Editor’s Note: Given the significant impression that keynote speaker Paula Stephan made at this year’s Society for Scholarly Publishing Annual Meeting, I wasn’t sure if attendees were aware of this pair of Kent Anderson posts from 2012, a review of Stephan’s book on the economics of scientific research and (re-running tomorrow) an interview with Stephan. Although the posts are now more than five years old, the economic conditions described have only accelerated.
I recently finished a very interesting and useful book entitled, “How Economics Shapes Science,” written by the economist Paula Stephan (Professor of Economics, Georgia State University and a member of the National Bureau of Economic Research). Stephan is an economist who accidentally became an expert in science economics, a little vignette that sets a nice tone for the book, which is superb overall — well-written, smartly structured, and well-referenced. In fact, for the serious reader, I’d recommend ordering it in print because the ability to flip back and forth between the nicely designed and very usable notes pages and the main text is vital to enjoying the book.
While the topic is of inherent interest to anyone working in the sciences, Stephan also touches on many points of particular interest to publishers, including why authors publish and related issues.
Stephan’s main point is that while the information emanating from research activities is itself hard to take to market — it is non-rival and non-excludable — the economic units of value to scientists are prestige and priority. These aren’t new ideas at all, but Stephan is able to bring data together to underscore how vital the incentives of prestige and priority are — they determine what happens to scientists, from lab space to letterhead.
There are many interesting themes in the book, from the way university research changed with the 1982 Bayh-Dole Act (which gave universities new control of patents and other IP emanating from federally funded research), to the proliferation of prize-based science, to the growth of the mega-foundations like HHMI and Wellcome, to the sometimes dramatic effects funding decisions can have, both when it grows and when it shrinks.
Perhaps the most interesting story in this story-packed book is the tale of the years 1998-2002, when the NIH budget doubled. This vast influx of funding had many unanticipated and some unproductive outcomes:
- Success rates for R01 grant applications didn’t rise, and in fact fell significantly by 2009
- Universities used the funding to justify a building binge, partly to lure prime faculty and partly to create capacity for the anticipated grants
- Grants grew in size, and absorbed more costs, like graduate student tuitions and other overheads
- The short-term nature of the doubling, combined with the long-term nature of the resulting grant commitments, created a dearth of money in subsequent years, as funding fell yet remained tied to previous commitments
- The NIH took monies away from R01 grant-making during the expansion to pursue other, larger initiatives
- Younger researchers suffered more, as renewing grants did better overall during both the funding boom and the subsequent cuts
- The number of papers resulting from the doubling of NIH funding remained stubbornly unaffected — as one study put it, “Wherever the funds went, they left no clear scientific record.”
This is the kind of rich, data-driven, and nuanced discussion of science and economics readers can expect throughout Stephan’s excellent book.
Stephan addresses how R&D spending is often driven by politics — either geo-politics (the Cold War) or personal politics (biomedical research), and how jobs in the sciences respond accordingly (and how competitive options for smart people have affected job uptake). She also talks about how difficult science and research spending is to measure from an economic efficiency perspective — essentially, because payback on investments can be quite indirect and take decades, choosing between investment options is fraught with the chance for mistakes. And the emerging trend showing that higher-impact science comes from funding entities that evaluate people instead of projects and provides longer-term funding is also covered.
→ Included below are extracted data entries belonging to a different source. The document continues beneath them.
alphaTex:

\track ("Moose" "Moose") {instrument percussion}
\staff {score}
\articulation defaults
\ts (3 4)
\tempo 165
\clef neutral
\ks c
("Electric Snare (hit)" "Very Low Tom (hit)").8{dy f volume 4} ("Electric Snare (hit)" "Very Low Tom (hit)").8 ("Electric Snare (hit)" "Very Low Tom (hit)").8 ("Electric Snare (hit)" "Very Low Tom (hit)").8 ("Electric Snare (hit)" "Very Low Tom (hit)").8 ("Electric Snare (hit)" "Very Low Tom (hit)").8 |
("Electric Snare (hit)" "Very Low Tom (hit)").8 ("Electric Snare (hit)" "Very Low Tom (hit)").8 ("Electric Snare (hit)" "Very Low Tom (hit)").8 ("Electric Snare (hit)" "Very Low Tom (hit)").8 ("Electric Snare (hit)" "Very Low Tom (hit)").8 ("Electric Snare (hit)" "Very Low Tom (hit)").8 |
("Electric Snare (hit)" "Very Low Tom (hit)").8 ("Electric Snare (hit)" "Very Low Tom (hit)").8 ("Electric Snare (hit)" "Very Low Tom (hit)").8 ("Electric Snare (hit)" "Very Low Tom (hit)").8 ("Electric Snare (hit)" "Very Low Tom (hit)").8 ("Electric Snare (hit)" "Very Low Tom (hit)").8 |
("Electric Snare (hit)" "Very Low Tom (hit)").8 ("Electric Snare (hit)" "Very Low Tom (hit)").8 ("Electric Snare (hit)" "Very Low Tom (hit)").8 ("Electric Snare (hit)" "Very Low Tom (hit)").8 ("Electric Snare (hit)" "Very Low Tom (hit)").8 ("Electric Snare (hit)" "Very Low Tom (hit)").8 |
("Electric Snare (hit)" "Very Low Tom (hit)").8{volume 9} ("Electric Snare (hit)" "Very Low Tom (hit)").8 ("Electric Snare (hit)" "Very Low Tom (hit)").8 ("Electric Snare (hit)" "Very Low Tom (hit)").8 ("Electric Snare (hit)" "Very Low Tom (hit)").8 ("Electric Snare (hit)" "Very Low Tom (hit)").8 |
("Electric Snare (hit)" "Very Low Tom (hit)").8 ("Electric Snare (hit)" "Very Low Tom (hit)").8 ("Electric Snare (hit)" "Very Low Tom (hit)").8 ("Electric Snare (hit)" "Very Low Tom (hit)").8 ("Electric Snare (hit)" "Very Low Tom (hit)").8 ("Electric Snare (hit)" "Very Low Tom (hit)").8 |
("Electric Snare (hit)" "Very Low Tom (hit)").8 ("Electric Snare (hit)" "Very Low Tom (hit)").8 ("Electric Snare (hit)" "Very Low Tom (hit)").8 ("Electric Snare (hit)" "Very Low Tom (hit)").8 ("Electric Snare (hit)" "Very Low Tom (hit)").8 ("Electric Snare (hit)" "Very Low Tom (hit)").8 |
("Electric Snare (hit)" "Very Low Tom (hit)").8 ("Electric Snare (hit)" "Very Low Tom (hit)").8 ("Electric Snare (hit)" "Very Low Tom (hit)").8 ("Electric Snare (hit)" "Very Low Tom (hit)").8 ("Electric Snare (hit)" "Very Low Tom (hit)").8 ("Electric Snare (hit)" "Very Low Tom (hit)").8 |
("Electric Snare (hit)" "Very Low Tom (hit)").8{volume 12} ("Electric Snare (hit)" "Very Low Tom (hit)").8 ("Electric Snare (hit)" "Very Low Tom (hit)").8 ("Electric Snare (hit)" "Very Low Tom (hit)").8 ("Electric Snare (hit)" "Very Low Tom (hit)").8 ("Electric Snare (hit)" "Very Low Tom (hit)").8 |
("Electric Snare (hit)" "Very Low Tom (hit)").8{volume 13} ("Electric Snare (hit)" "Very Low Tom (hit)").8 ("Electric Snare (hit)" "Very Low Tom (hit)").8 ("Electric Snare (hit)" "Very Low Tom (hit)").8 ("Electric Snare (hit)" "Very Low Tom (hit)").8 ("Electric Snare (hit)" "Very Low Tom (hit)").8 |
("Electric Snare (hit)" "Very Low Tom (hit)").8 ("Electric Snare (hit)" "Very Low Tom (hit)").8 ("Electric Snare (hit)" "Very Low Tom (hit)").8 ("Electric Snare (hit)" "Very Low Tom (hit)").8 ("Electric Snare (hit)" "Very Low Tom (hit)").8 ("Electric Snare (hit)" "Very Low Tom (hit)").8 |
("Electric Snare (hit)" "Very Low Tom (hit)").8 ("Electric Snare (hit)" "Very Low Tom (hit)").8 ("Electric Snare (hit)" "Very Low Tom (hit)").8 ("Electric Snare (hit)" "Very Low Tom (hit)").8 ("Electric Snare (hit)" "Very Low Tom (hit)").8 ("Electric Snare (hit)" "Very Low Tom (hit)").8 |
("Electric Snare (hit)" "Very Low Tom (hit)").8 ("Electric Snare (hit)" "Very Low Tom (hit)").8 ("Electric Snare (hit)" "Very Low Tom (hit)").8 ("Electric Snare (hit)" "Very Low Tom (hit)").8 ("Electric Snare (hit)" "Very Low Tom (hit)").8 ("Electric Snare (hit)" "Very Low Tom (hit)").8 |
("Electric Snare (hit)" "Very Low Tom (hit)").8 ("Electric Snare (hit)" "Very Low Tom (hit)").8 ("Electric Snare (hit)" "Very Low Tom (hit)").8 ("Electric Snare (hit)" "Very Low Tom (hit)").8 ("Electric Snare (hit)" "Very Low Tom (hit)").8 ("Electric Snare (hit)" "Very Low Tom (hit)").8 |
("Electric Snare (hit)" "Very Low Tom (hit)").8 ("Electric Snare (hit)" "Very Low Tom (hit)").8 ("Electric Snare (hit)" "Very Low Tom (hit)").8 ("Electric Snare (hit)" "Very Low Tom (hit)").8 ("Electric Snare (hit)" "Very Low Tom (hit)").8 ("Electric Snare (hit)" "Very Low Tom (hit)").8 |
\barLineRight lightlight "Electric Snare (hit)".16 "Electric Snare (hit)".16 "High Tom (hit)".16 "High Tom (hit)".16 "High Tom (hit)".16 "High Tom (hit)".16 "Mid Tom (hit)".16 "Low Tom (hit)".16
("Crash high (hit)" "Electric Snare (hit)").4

Many of the studies Stephan had to work with are dated, unfortunately, suggesting strongly that we need to do more (and more current) studies of these issues. It’s clear that economics shapes science. This becomes clearest at the end of the book, in a chapter entitled, “Can We Do Better?”. Here, Stephan writes sentences that bristle a bit:
In many ways universities in the United States behave as though they are high-end shopping malls. . . . faculty “pay” for the opportunity of working at the university, receiving no guarantee of income if they fail to bring in a grant. . . . The system that has evolved discourages faculty from pursuing research with uncertain outcomes. . . . The current university research system in the United States also discourages research that could disprove theories.
This book will have a special place on my shelf, as one of a handful of books that demand to be revisited, referenced, and re-read because there is so much clear and important information to be had, and some definite criticisms of the current system policy-makers need to consider.